* Exercise directions *
From the first line to the last, restate every record word for word, leaving out the pictures.

* Material to process *
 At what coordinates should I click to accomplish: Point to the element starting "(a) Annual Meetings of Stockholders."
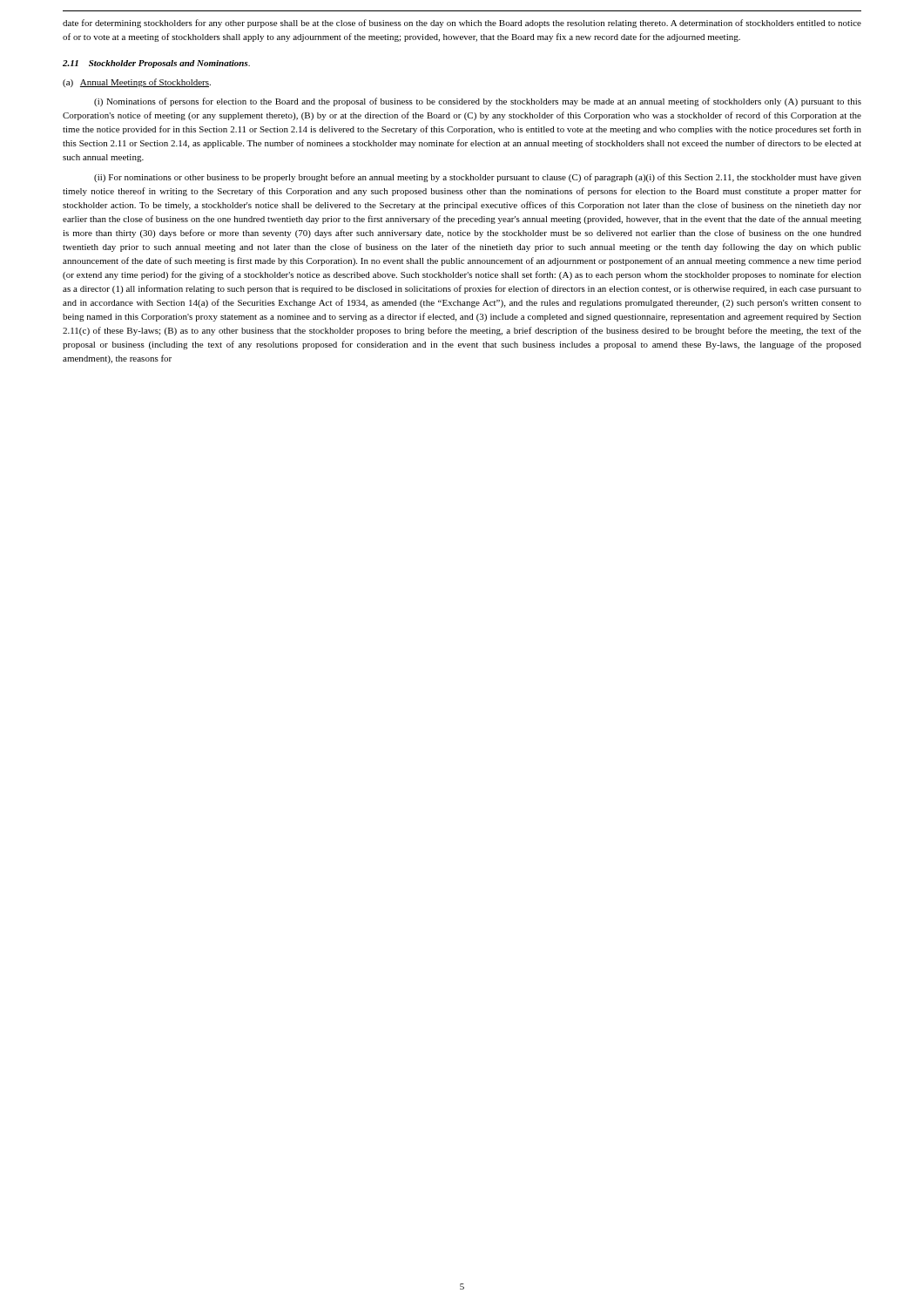(137, 83)
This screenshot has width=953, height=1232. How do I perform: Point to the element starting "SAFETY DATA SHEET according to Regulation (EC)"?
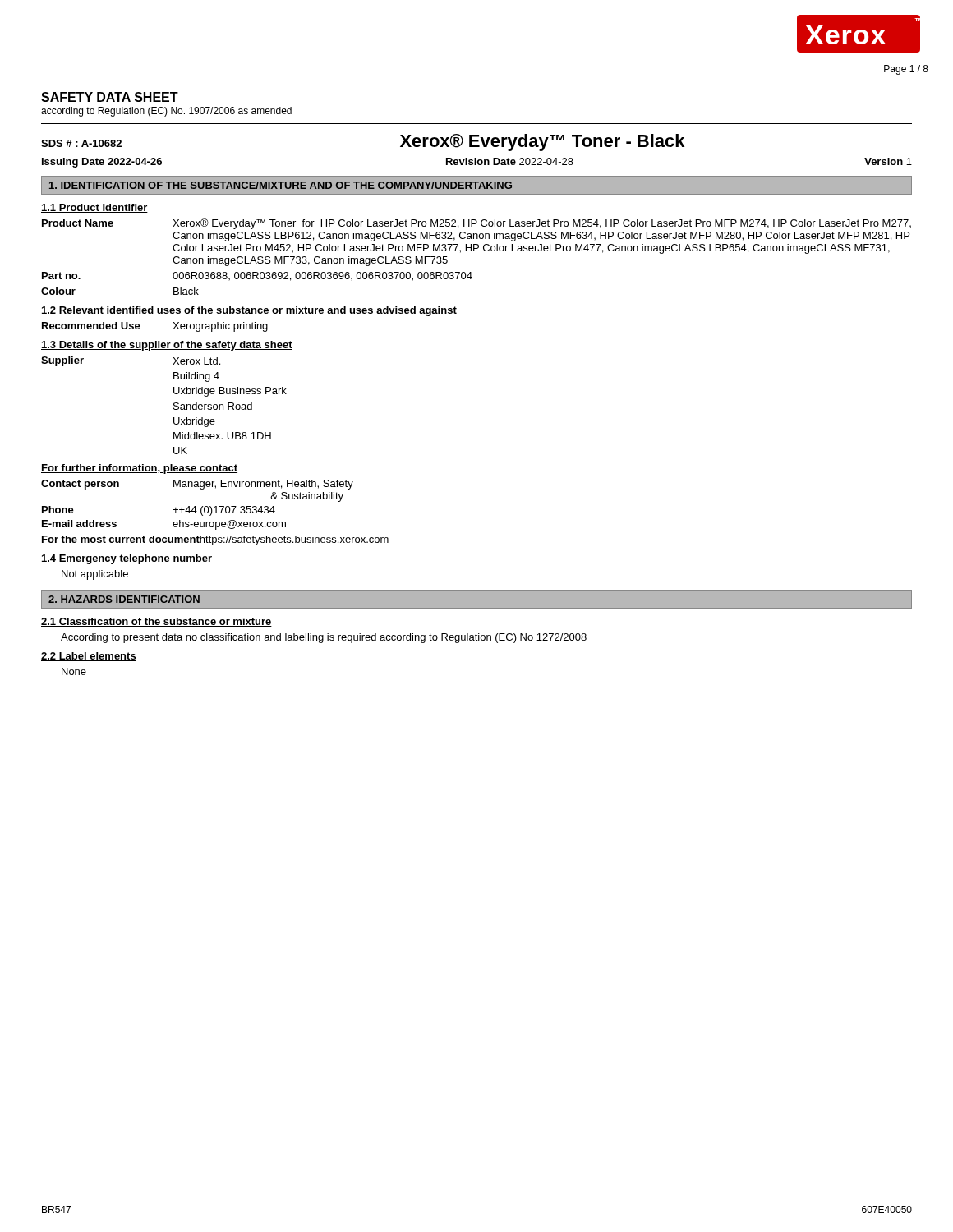(110, 97)
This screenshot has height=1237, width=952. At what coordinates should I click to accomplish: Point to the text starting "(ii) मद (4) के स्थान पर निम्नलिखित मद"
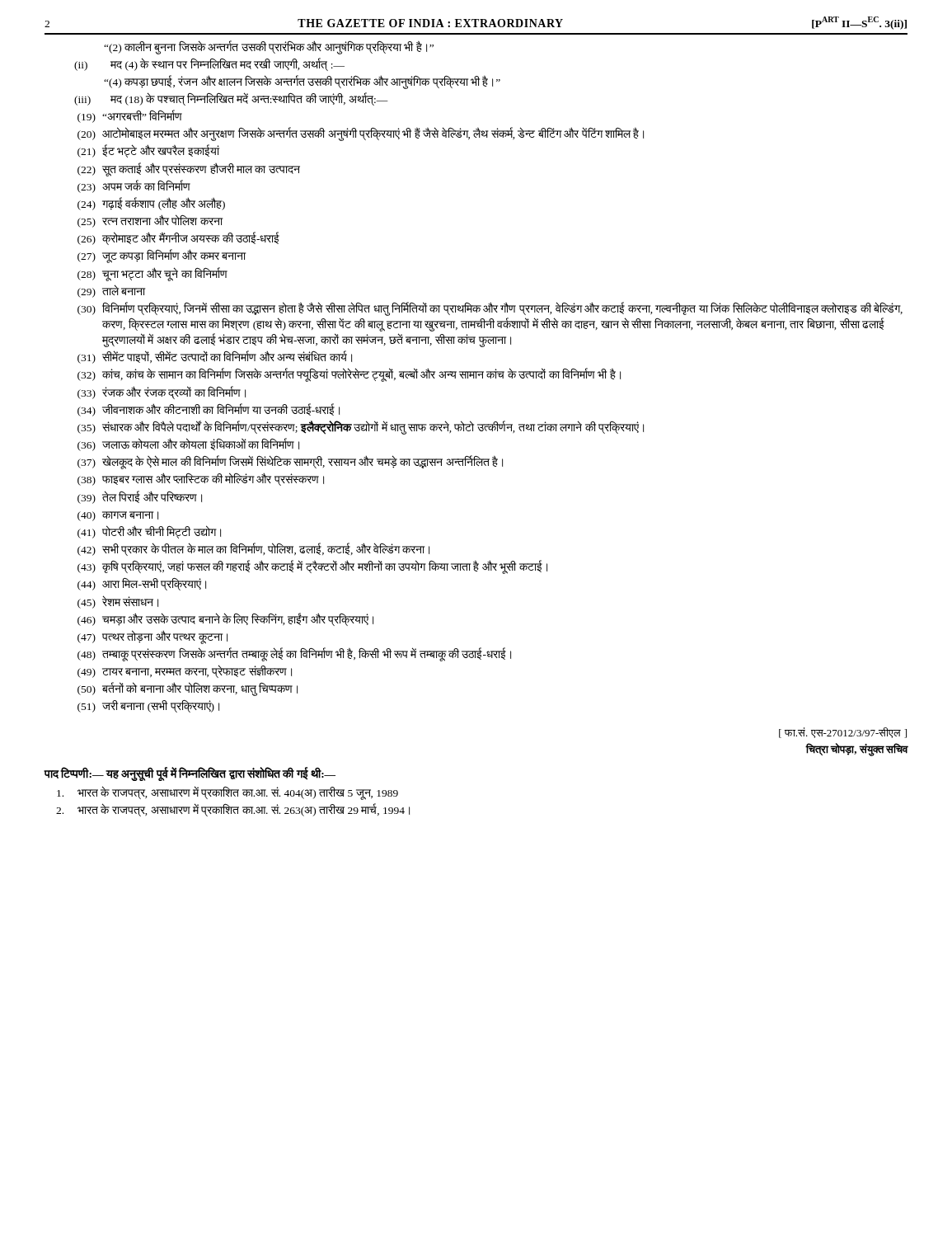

* Exercise result *
 At what coordinates should I click to accomplish: Point to the element starting "(a) Annual Meetings of Stockholders."
(137, 83)
This screenshot has width=953, height=1232. How do I perform: Point to the element starting "SAFETY DATA SHEET according to Regulation (EC)"?
(110, 97)
This screenshot has height=1237, width=952. At what coordinates should I click to accomplish: Point to the text starting "(ii) मद (4) के स्थान पर निम्नलिखित मद"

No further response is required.